Genomic diversity and molecular heterogeneity of complex diseases obscure the discovery of theranostic, prognostic, and predictive biomarkers as well as their translation into personalized medicine at the single-cell level. In this aspect, promising single-cell studies formed another emerging concept in the field of the molecular medicine. Single-cell level analysis has been suggested to be crucial for a better and precise enrichment of biomarkers related to complex heterogeneous nature of diseases . Omics-based analysis at the single-cell level comprises epi/genomics, epi/transcriptomics, epi/proteomics, and metabolomics/lipidomics approaches. These technologies facilitated our understanding of variations, interactions, biological functions, and disease heterogeneity at the single-cell level which paves the way for a personalized medicine-based smart healthcare system [24, 25]. Lately, one of the hottest research fields emerged as molecular characterization of circulating biomarkers composed of circulating tumor cells (CTCs), cell free DNA (cfDNA) and/or exosomes as liquid biopsies to assess disease management and evolution in real time . Exosomes have been described as microvesicules (50–150 nm) released into the extracellular region by a variety of cells. Exosomes contain intact oligonucleotides, protein, and metabolites and have been identified in a vast range of biofluids including serum, urine, plasma, breast milk, saliva, pleural effusions, bronchoalveolar lavage fluid, ocular samples, tears, nasal lavage fluid, semen, synovial fluid, amniotic fluid, and pregnancy-associated serum . With the development of high-throughput omics technologies, liquid biopsy has settled in the center of non-invasive or minimally invasive applications of easily accessible biofluids to detect disease-associated CTCs for diagnostic, monitoring, and therapeutic approaches. Isolation, detection, and molecular characterization of CTCs have been performed in a variety of diseases mostly in cancers.
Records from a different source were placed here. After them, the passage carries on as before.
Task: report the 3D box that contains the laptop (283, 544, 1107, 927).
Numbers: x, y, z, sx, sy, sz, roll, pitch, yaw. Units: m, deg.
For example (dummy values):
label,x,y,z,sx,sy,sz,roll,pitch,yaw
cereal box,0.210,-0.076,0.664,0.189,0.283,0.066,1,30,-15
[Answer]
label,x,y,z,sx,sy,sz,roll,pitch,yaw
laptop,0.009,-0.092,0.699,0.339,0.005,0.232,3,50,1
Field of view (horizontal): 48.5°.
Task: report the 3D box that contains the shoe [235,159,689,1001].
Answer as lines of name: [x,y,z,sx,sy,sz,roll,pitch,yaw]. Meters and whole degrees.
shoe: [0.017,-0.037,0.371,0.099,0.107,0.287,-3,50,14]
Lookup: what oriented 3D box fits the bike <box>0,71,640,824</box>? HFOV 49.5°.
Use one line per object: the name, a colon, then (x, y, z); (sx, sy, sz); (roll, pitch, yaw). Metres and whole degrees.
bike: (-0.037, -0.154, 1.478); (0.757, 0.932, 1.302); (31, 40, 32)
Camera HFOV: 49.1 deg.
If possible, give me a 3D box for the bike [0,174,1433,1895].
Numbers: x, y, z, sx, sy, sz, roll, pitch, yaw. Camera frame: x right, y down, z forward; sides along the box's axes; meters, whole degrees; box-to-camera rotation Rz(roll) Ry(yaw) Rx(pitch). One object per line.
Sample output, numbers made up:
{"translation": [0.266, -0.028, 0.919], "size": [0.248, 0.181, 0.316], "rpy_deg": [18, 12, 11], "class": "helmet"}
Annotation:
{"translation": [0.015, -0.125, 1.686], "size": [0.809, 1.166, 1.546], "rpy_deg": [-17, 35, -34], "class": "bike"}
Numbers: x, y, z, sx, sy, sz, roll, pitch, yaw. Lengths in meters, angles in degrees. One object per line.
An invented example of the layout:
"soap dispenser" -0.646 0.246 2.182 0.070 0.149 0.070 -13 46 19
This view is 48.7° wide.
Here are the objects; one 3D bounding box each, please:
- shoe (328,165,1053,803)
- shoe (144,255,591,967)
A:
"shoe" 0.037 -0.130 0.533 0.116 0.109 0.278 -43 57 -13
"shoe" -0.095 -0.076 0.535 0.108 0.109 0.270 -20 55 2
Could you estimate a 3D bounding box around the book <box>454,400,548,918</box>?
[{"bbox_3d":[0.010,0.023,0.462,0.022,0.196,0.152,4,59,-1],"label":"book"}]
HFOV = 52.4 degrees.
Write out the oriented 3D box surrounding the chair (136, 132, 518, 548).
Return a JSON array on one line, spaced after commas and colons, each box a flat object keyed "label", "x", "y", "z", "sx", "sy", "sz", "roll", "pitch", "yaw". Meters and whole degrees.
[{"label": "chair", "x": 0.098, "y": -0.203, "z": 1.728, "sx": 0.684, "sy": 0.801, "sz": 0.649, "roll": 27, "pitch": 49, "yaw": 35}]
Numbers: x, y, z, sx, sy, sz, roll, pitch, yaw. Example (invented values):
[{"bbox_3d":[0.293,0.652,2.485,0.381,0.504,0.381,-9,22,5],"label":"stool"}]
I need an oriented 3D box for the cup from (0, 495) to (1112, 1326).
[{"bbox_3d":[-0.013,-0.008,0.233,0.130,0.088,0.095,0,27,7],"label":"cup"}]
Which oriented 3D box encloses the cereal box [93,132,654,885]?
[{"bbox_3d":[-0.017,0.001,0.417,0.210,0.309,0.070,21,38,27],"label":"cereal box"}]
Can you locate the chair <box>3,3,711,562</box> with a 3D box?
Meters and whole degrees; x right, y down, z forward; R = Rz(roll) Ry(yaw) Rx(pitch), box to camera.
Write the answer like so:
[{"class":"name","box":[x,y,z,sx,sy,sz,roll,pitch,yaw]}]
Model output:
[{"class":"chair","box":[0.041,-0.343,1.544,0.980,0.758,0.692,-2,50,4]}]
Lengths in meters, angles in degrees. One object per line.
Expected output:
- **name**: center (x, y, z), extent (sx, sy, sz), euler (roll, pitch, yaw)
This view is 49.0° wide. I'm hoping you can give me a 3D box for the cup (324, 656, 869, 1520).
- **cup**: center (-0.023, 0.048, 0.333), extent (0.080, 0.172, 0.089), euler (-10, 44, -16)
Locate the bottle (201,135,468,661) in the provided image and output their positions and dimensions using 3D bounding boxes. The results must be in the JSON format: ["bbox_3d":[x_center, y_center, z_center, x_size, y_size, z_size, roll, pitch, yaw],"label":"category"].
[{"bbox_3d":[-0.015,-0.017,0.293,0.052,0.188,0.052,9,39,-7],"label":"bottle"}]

Due to high heterogeneity and resistance to treatment observed in tumor biology, single-cell CTC characterization allows clinical profiling and targeted treatment strategies and monitoring.
Molecular medicine applications not only improved the basic understanding of disease mechanism, but also contributed to the understanding of mechanism of drug action, identification of theranostic targets, and hence a paradigm shift in drug discovery . Molecular theranostics can be defined as integration of disease diagnosis and treatment with the same molecular target. Promising oligonucleotide-based (DNA or RNA) therapeutics and vaccines such as gene therapy, DNA vaccines, and RNA pharmaceuticals have been successfully developed in the last 2 decades using antibodies and aptamers. Regarding DNA, viral or bacterial vectors are used and polymeric materials such as poly lactic-co-glycolic acid (PLGA), chitosan, and polyethylenimine (PEI) have been applied for efficient delivery . Aptamers or antibodies can be conjugated to theranostic biomarkers and nanomaterials for specific targeting . Aptamer-based applications include imaging, targeted drug delivery, and treatment such as targeted phototherapy, gene therapy, and chemotherapy . Limitations in non-toxic specific targeting and delivery encouraged researchers to use drug carriers such as liposomes and nanoparticles for encapsulation of oligonucleotide therapeutics . Studies on some tumor types including lung, pancreas, and breast have demonstrated successful results with encapsulated antisense oligonucleotides [33, 34]. RNA oligonucleotides using the antisense gene silencing technology has given promising results to inhibit disease-related mRNA gene expression. RNA therapeutics including antisense RNA, small interfering RNA (siRNA), and anti-miRNA (anti-miR) are promising for the treatment of a number of diseases including chronic complex diseases. Furthermore, their impact has been evaluated in the different stages of development from preclinical to Phase III clinical trials [35, 36, 37, 38, 39]. Major challenges dealing with efficient delivery include biocompatibility, protection from nucleases, distribution location, and persistence. Peter and colleagues have identified suicide/killer RNA molecules (siRNA, shRNA, miRNA, siRNA+miRNA complex) on numerous cancer types. In addition, they have shown that specific toxic RNAi-active sequences present in the genome can kill cancer cells [40, 41, 42, 43, 44]. Rozowsky and colleagues have generated a comprehensive analytic platform for extracellular RNA profiling called “exceRpt” .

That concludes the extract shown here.